WORK INSTRUCTIONS: Copy the records exactly. Every line must match.

────────────────

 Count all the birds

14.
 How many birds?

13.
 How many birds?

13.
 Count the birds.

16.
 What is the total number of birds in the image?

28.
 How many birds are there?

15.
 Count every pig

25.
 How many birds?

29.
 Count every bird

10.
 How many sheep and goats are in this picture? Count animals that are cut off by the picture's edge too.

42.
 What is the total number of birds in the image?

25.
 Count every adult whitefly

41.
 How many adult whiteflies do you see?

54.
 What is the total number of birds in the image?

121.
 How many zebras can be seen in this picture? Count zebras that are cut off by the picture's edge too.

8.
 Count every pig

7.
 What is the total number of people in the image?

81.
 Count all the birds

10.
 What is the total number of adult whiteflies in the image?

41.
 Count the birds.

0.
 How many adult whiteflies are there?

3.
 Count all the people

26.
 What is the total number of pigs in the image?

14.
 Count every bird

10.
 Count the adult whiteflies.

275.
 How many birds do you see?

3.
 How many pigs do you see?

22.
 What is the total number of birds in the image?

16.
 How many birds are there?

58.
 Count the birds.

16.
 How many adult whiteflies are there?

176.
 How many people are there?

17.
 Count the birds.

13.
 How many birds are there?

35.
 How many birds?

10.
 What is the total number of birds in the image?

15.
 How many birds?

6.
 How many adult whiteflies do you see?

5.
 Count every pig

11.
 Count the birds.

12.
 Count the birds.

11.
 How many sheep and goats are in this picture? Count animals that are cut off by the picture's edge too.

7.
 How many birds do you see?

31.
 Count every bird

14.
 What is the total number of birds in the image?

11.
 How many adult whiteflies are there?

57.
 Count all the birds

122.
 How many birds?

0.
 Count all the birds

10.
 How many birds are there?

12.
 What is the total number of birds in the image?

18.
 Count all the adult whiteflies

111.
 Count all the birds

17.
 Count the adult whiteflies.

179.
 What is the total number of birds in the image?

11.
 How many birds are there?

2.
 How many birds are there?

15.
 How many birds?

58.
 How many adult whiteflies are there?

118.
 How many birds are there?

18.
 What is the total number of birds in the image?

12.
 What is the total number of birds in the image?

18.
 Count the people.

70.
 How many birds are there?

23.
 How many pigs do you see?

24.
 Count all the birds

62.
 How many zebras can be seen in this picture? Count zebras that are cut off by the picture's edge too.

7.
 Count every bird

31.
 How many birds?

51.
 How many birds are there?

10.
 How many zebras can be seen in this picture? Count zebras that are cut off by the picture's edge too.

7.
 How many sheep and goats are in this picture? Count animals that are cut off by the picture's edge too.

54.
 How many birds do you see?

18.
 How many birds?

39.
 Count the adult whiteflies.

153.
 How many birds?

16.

────────────────

RESULT BELOW:
 Count all the birds

14.
 How many birds?

13.
 How many birds?

13.
 Count the birds.

16.
 What is the total number of birds in the image?

28.
 How many birds are there?

15.
 Count every pig

25.
 How many birds?

29.
 Count every bird

10.
 How many sheep and goats are in this picture? Count animals that are cut off by the picture's edge too.

42.
 What is the total number of birds in the image?

25.
 Count every adult whitefly

41.
 How many adult whiteflies do you see?

54.
 What is the total number of birds in the image?

121.
 How many zebras can be seen in this picture? Count zebras that are cut off by the picture's edge too.

8.
 Count every pig

7.
 What is the total number of people in the image?

81.
 Count all the birds

10.
 What is the total number of adult whiteflies in the image?

41.
 Count the birds.

0.
 How many adult whiteflies are there?

3.
 Count all the people

26.
 What is the total number of pigs in the image?

14.
 Count every bird

10.
 Count the adult whiteflies.

275.
 How many birds do you see?

3.
 How many pigs do you see?

22.
 What is the total number of birds in the image?

16.
 How many birds are there?

58.
 Count the birds.

16.
 How many adult whiteflies are there?

176.
 How many people are there?

17.
 Count the birds.

13.
 How many birds are there?

35.
 How many birds?

10.
 What is the total number of birds in the image?

15.
 How many birds?

6.
 How many adult whiteflies do you see?

5.
 Count every pig

11.
 Count the birds.

12.
 Count the birds.

11.
 How many sheep and goats are in this picture? Count animals that are cut off by the picture's edge too.

7.
 How many birds do you see?

31.
 Count every bird

14.
 What is the total number of birds in the image?

11.
 How many adult whiteflies are there?

57.
 Count all the birds

122.
 How many birds?

0.
 Count all the birds

10.
 How many birds are there?

12.
 What is the total number of birds in the image?

18.
 Count all the adult whiteflies

111.
 Count all the birds

17.
 Count the adult whiteflies.

179.
 What is the total number of birds in the image?

11.
 How many birds are there?

2.
 How many birds are there?

15.
 How many birds?

58.
 How many adult whiteflies are there?

118.
 How many birds are there?

18.
 What is the total number of birds in the image?

12.
 What is the total number of birds in the image?

18.
 Count the people.

70.
 How many birds are there?

23.
 How many pigs do you see?

24.
 Count all the birds

62.
 How many zebras can be seen in this picture? Count zebras that are cut off by the picture's edge too.

7.
 Count every bird

31.
 How many birds?

51.
 How many birds are there?

10.
 How many zebras can be seen in this picture? Count zebras that are cut off by the picture's edge too.

7.
 How many sheep and goats are in this picture? Count animals that are cut off by the picture's edge too.

54.
 How many birds do you see?

18.
 How many birds?

39.
 Count the adult whiteflies.

153.
 How many birds?

16.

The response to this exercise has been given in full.